After putting his faith in the Force in A New Hope, one would anticipate that when we meet Skywalker again that he will have started to more fully develop his understanding of, and connection to, the Force. This, however, is not the case, and is actually hinted at early in The Empire Strikes Back as Luke hangs upside down in the Wampa’s lair (having been ambushed and knocked unconscious by Hoth’s apex predator). His lightsaber protruding from the snow a few feet away, Luke’s initial instinct is to desperately grab for his weapon, and only concentrates on using the Force to bring the weapon to him once he recognizes the blade is out of reach.
- Luke hangs upside down in the Wampa’s lair.

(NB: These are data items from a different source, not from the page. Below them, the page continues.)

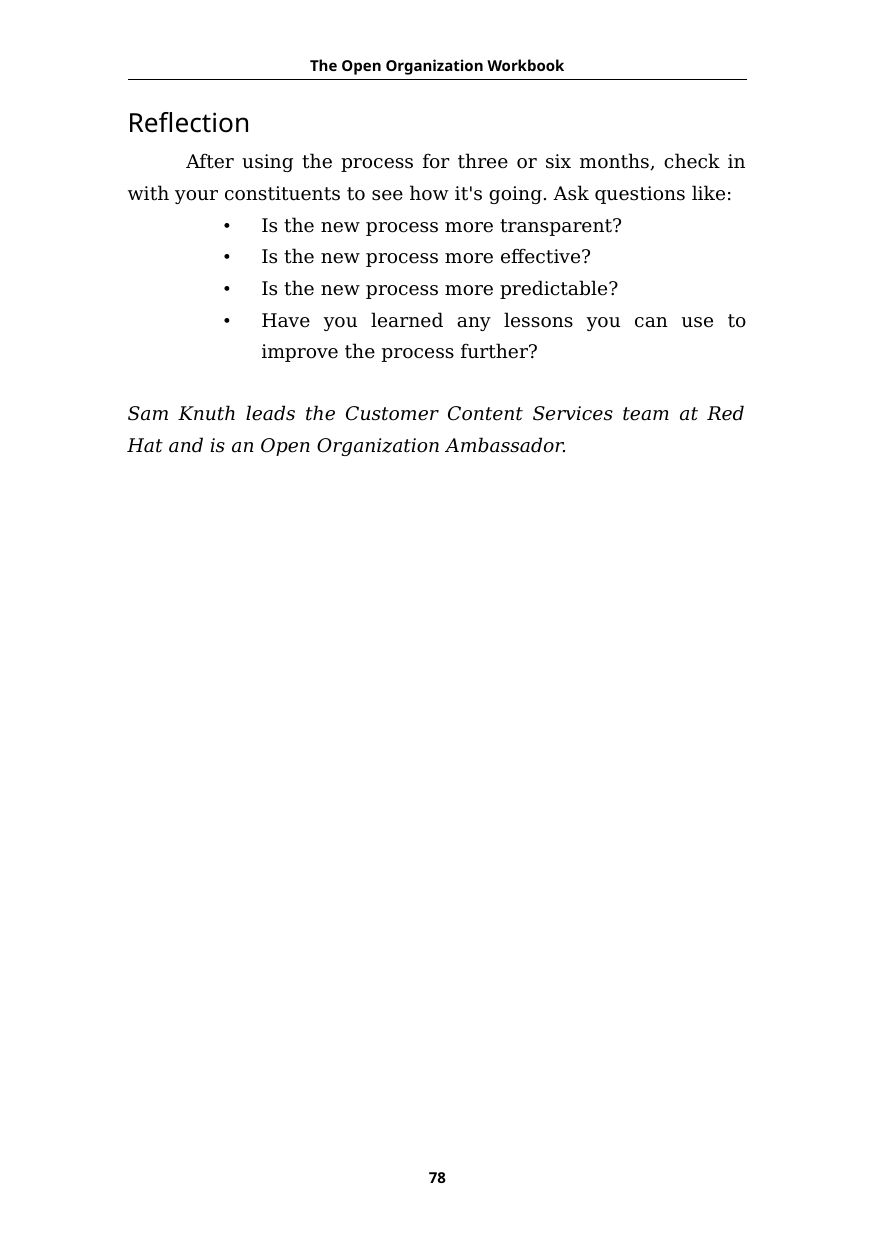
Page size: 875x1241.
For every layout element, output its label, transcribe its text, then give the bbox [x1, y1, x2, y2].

subtitle Reflection [127, 109, 747, 139]
list Is the new process more transparent? [223, 215, 747, 237]
list Is the new process more predictable? [223, 278, 747, 300]
text Sam Knuth leads the Customer Content Services team at Red Hat and is an Open Organization Ambassador. [127, 403, 747, 457]
list Have you learned any lessons you can use to improve the process further? [223, 310, 747, 363]
list Is the new process more effective? [223, 247, 747, 268]
text After using the process for three or six months, check in with your constituents to see how it's going. Ask questions like: [127, 152, 747, 205]

Photo Credit – Star Wars Episode V: The Empire Strikes Back
Luke’s use of the Force in this instance reminds the audience of his connection to the energy field while likewise foreshadowing the lessons he will learn when he makes his way to Dagobah in the film’s second act. After all, in the Wampa’s lair we see for the very first time that one can move objects using the Force. Later in the film, this reality will be expanded, with Luke moving boulders and the ancient Jedi Master Yoda using the Force to move Luke’s X-Wing Starfighter.
The episode in the Wampa’s lair likewise foreshadows the doubt and disconnect Luke will display, with respect to the Force, when he travels to the Dagobah system to learn from Yoda. The Force is certainly with him, but at the outset of The Empire Strikes Back it is a curious afterthought, a seemingly forgotten aspect of his being. Even after bringing the lightsaber to him in the lair, the Force seems to fade away as panic sets in, Luke maiming the Wampa and anxiously fleeing the snowy cave.

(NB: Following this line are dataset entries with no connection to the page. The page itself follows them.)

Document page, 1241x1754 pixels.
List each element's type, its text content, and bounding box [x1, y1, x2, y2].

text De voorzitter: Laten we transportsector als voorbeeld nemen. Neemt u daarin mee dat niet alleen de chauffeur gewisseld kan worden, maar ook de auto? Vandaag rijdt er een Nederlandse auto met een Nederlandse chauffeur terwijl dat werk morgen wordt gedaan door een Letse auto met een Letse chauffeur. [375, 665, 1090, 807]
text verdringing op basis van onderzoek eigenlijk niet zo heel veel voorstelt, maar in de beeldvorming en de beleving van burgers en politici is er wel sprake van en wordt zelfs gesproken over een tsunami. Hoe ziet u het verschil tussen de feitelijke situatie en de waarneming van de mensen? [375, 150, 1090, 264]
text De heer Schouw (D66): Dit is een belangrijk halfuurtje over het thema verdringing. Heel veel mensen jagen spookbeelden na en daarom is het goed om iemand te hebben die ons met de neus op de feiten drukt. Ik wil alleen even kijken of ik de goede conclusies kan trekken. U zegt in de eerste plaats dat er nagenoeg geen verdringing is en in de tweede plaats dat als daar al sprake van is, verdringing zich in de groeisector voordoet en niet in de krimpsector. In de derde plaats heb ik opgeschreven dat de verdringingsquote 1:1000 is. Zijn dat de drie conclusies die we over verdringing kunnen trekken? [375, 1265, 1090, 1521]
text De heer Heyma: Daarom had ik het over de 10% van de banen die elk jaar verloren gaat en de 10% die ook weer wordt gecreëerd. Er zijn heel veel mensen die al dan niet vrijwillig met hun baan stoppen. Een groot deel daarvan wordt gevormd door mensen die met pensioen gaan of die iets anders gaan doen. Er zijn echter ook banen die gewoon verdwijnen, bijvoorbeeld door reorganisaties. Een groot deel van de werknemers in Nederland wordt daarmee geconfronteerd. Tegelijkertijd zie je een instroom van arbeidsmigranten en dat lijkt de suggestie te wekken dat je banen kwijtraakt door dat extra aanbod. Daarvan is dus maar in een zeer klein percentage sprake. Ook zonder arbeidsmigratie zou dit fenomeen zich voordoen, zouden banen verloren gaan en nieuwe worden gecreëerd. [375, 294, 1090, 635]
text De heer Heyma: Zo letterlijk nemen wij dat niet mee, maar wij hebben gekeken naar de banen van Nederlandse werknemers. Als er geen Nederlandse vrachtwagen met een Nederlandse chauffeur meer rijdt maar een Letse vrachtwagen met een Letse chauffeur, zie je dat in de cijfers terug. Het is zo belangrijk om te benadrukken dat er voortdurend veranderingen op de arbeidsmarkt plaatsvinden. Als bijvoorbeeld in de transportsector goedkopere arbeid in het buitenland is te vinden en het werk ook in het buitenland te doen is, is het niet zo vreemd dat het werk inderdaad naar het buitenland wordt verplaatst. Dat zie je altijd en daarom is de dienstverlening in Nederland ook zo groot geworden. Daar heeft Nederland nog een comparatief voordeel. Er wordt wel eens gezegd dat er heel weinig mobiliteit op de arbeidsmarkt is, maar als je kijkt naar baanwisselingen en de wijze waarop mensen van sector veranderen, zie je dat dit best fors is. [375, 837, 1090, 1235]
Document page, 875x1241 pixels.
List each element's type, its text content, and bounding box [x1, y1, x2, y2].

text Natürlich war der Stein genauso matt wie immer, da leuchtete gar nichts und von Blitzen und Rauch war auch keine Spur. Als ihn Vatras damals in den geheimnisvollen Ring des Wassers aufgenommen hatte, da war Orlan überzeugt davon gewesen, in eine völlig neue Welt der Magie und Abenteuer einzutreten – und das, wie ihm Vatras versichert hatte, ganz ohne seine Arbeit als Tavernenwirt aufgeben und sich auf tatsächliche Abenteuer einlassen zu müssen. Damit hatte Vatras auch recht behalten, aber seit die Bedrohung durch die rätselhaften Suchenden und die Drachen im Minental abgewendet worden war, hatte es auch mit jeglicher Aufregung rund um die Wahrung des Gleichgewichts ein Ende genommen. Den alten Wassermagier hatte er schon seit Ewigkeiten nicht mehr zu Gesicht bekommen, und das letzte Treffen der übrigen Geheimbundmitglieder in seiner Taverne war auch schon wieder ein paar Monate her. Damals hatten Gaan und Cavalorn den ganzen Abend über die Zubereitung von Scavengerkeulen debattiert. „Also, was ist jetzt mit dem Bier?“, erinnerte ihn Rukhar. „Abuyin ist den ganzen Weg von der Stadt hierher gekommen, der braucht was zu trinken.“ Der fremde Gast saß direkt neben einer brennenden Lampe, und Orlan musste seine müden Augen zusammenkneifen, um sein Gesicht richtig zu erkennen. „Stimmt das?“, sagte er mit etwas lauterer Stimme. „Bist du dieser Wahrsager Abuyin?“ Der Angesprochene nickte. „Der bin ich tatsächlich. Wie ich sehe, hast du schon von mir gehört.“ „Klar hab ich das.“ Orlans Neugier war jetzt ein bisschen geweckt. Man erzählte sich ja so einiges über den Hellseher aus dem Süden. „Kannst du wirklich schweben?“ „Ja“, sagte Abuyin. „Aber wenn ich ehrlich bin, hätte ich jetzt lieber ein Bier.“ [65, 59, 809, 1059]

At the end of A New Hope, Luke was the victorious hero who we last saw receiving a medal for destroying the dreaded Death Star. Now, only a short way into The Empire Strikes Back, Luke Skywalker stumbles out of the Wampa’s lair, his flight response fully in control. Unsurprisingly, Luke will succumb to the harsh elements on Hoth, collapsing into the snowy Tundra. Face down in the snow (see featured image above), his body surely experiencing the effects of hypothermia, it is here and now that Obi-Wan Kenobi curiously chooses to re-appear. Calling to the (freezing) young man, Kenobi appears in astral form and commands Luke to “go to the Dagobah system” where he will learn the ways of the Force from Yoda.
Crashing into a Swamp
It is Luke’s journey to Dagobah that serves as the surest example of his mystical disconnect. Consider that as Luke flies his X-Wing into the planet’s atmosphere – the very same X-Wing he piloted to destroy the Death Star! – he relies entirely on the starfighter’s technology to guide him to the planet’s surface. “All the scopes are dead. I can’t see a thing…” he exclaims as he descends into the thick, dense atmosphere/fog covering the planet. The technology at his disposal fails him, and [a panicked] Luke does not call upon the Force to serve as his guide. It is no wonder he crashes into the swamp.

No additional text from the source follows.